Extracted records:
BEGIN

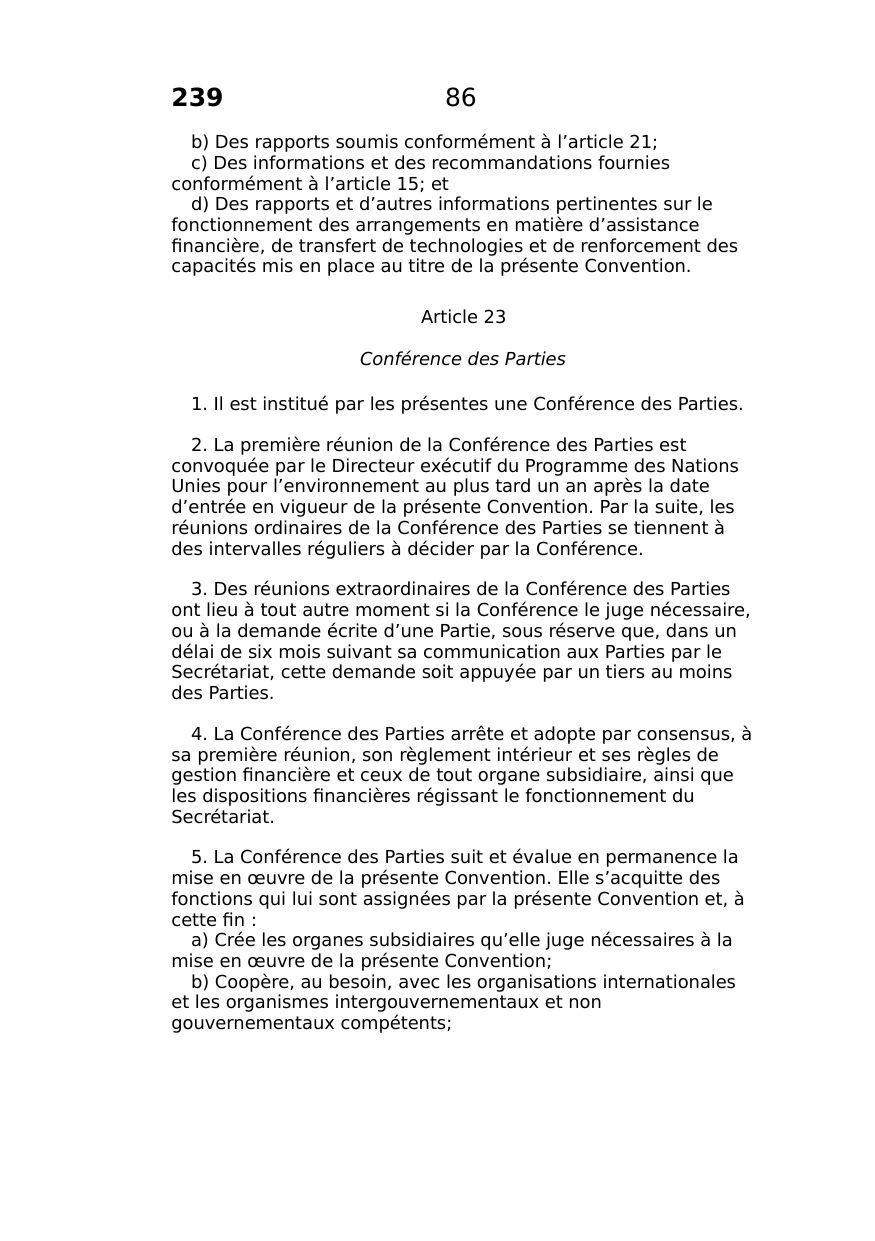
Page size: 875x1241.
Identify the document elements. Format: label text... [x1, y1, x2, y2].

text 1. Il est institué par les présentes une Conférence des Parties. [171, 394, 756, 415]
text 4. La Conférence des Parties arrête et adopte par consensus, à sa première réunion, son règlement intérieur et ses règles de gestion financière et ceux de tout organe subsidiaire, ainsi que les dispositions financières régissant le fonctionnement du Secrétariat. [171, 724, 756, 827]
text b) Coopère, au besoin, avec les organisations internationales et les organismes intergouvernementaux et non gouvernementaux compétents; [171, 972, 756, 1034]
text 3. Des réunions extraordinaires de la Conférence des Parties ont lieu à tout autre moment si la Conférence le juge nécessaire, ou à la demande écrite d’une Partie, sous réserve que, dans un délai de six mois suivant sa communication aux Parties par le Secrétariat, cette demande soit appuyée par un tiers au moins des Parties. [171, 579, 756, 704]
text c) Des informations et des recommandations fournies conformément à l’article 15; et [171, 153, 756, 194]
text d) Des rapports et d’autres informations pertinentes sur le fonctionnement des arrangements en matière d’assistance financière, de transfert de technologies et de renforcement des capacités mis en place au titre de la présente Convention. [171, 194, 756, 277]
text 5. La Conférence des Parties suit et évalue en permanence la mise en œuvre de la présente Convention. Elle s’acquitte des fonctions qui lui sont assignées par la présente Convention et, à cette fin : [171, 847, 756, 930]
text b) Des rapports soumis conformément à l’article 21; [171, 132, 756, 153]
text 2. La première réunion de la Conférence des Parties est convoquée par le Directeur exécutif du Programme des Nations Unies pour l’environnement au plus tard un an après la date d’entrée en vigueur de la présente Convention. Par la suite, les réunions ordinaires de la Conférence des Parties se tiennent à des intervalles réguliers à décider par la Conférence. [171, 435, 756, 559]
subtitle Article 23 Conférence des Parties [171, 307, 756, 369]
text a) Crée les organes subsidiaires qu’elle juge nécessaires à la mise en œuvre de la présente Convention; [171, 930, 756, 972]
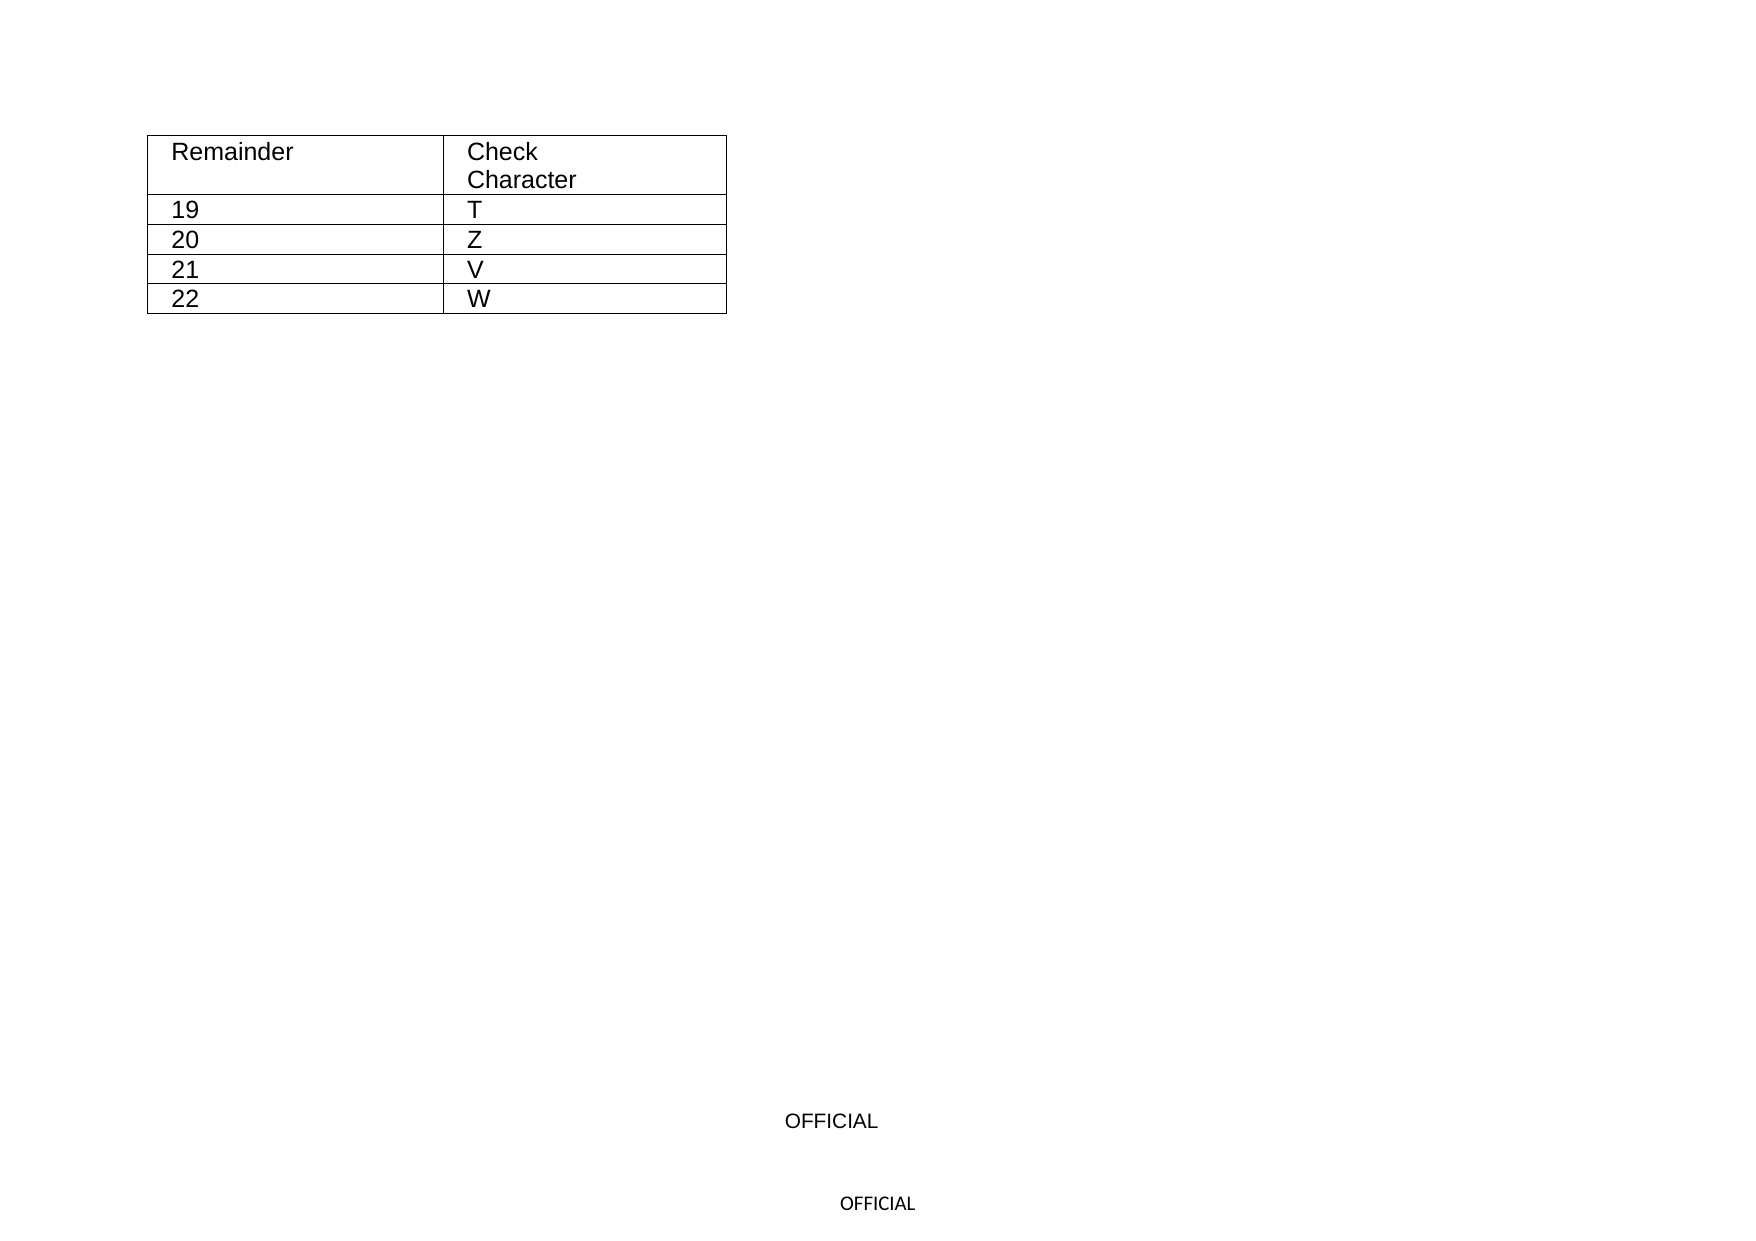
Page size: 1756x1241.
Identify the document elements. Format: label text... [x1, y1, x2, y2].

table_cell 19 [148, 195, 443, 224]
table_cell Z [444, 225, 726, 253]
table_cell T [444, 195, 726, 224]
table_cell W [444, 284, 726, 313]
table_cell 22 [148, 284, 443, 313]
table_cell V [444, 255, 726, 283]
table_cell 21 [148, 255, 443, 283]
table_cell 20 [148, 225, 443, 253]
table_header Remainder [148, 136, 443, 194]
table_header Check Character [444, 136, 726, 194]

END
BEGIN

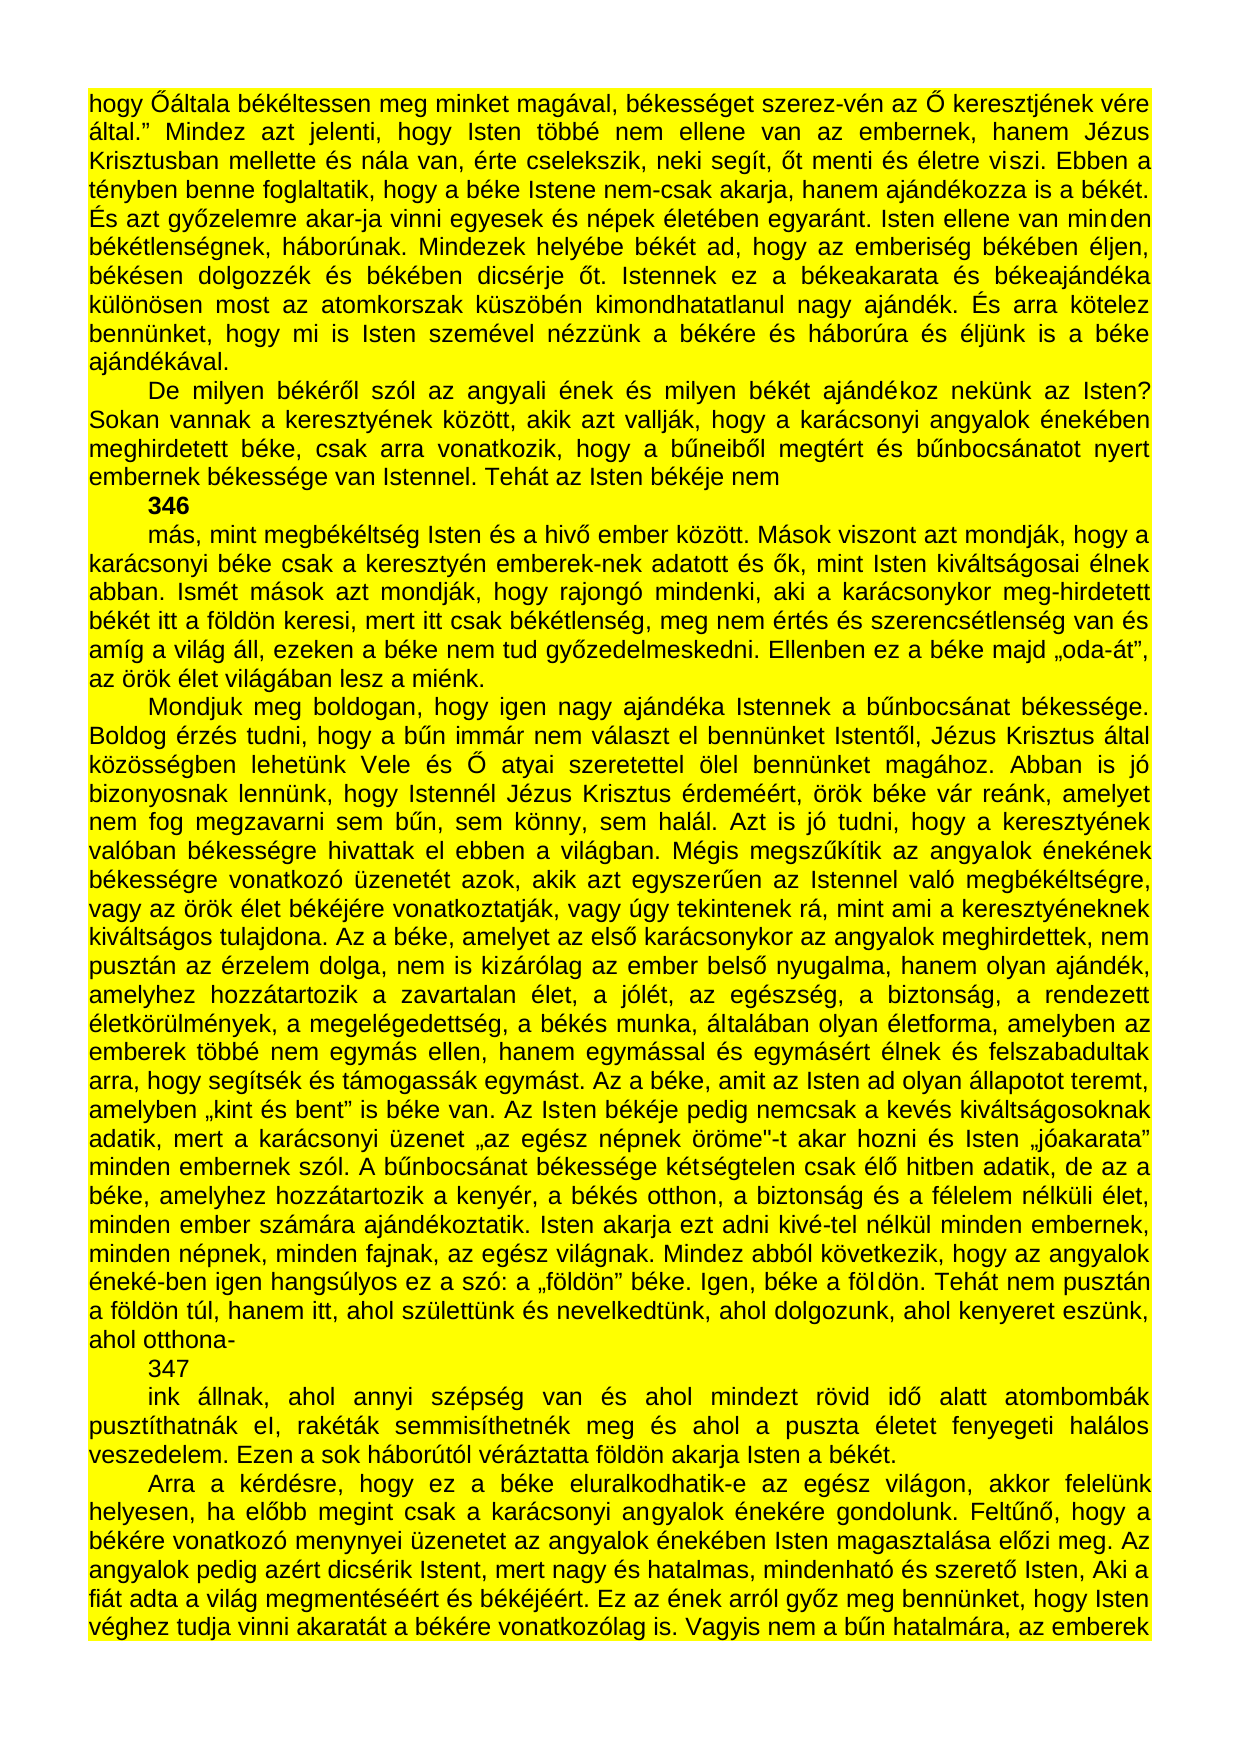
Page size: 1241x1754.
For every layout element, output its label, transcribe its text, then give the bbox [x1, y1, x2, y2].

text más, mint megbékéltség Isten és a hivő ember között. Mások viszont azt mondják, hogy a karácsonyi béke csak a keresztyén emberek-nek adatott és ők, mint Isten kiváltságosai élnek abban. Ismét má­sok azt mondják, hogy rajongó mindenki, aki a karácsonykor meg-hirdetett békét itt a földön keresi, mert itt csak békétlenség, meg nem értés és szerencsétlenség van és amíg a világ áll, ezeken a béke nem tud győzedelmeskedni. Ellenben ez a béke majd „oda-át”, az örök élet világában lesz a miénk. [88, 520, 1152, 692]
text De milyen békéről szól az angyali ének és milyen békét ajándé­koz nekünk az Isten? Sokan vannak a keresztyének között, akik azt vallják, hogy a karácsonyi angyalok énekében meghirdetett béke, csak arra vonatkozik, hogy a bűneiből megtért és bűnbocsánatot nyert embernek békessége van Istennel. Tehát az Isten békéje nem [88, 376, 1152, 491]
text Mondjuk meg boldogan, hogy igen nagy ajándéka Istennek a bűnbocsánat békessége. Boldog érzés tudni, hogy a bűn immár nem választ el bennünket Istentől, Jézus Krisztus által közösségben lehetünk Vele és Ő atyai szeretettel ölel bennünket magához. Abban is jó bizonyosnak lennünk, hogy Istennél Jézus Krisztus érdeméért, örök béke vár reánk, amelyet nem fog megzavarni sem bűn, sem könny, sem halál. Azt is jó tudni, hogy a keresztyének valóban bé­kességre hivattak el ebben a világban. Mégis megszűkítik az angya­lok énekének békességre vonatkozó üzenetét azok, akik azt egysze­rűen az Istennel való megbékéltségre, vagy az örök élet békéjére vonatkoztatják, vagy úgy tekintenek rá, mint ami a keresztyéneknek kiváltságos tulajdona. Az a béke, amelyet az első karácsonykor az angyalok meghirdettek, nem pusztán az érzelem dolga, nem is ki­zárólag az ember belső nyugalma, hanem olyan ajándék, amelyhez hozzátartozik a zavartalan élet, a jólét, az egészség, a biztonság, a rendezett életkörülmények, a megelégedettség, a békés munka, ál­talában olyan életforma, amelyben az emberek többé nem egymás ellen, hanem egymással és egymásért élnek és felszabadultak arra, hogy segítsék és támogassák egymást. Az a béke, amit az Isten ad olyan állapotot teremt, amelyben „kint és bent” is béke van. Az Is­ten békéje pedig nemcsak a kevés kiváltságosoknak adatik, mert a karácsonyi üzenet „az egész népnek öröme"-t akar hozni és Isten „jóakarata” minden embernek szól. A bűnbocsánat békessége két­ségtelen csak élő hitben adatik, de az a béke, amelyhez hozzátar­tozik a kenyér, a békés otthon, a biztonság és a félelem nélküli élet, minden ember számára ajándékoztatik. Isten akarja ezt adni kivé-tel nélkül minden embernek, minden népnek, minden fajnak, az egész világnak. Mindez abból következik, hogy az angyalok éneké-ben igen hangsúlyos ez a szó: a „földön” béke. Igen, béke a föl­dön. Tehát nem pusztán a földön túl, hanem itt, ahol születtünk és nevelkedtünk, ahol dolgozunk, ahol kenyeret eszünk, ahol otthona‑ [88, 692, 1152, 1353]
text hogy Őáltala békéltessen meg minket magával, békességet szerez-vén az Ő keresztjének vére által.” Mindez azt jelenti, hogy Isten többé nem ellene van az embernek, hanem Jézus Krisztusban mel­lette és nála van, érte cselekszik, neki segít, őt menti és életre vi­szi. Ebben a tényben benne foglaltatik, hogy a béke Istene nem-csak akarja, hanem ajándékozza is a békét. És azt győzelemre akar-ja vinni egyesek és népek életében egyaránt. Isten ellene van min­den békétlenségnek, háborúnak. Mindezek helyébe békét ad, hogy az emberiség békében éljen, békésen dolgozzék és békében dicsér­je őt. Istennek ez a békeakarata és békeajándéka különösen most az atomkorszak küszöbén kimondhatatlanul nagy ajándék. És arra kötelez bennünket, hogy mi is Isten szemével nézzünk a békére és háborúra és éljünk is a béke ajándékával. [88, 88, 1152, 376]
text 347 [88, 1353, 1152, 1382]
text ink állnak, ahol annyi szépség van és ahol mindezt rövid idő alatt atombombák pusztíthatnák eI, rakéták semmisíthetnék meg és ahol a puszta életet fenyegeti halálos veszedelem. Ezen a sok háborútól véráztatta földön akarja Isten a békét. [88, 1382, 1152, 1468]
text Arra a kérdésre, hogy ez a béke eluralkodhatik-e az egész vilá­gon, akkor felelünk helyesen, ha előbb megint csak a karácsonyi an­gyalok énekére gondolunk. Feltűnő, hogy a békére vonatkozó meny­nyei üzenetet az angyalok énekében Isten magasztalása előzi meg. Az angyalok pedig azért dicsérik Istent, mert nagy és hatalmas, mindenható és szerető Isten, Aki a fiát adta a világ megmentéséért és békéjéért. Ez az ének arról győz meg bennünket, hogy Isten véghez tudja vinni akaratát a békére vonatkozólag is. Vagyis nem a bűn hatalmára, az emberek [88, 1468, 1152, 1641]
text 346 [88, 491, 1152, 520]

END

Exercise requirements: Copy word for word only the lines above from the one with "text d) Des" through the one with "table_cell 19 [148, 195, 443, 224]". Leave pictures out.

The completed task:
text d) Des rapports et d’autres informations pertinentes sur le fonctionnement des arrangements en matière d’assistance financière, de transfert de technologies et de renforcement des capacités mis en place au titre de la présente Convention. [171, 194, 756, 277]
text 5. La Conférence des Parties suit et évalue en permanence la mise en œuvre de la présente Convention. Elle s’acquitte des fonctions qui lui sont assignées par la présente Convention et, à cette fin : [171, 847, 756, 930]
text b) Des rapports soumis conformément à l’article 21; [171, 132, 756, 153]
text 2. La première réunion de la Conférence des Parties est convoquée par le Directeur exécutif du Programme des Nations Unies pour l’environnement au plus tard un an après la date d’entrée en vigueur de la présente Convention. Par la suite, les réunions ordinaires de la Conférence des Parties se tiennent à des intervalles réguliers à décider par la Conférence. [171, 435, 756, 559]
subtitle Article 23 Conférence des Parties [171, 307, 756, 369]
text a) Crée les organes subsidiaires qu’elle juge nécessaires à la mise en œuvre de la présente Convention; [171, 930, 756, 972]
Page size: 1756x1241.
Identify the document elements. Format: label text... [x1, y1, x2, y2].

table_cell 19 [148, 195, 443, 224]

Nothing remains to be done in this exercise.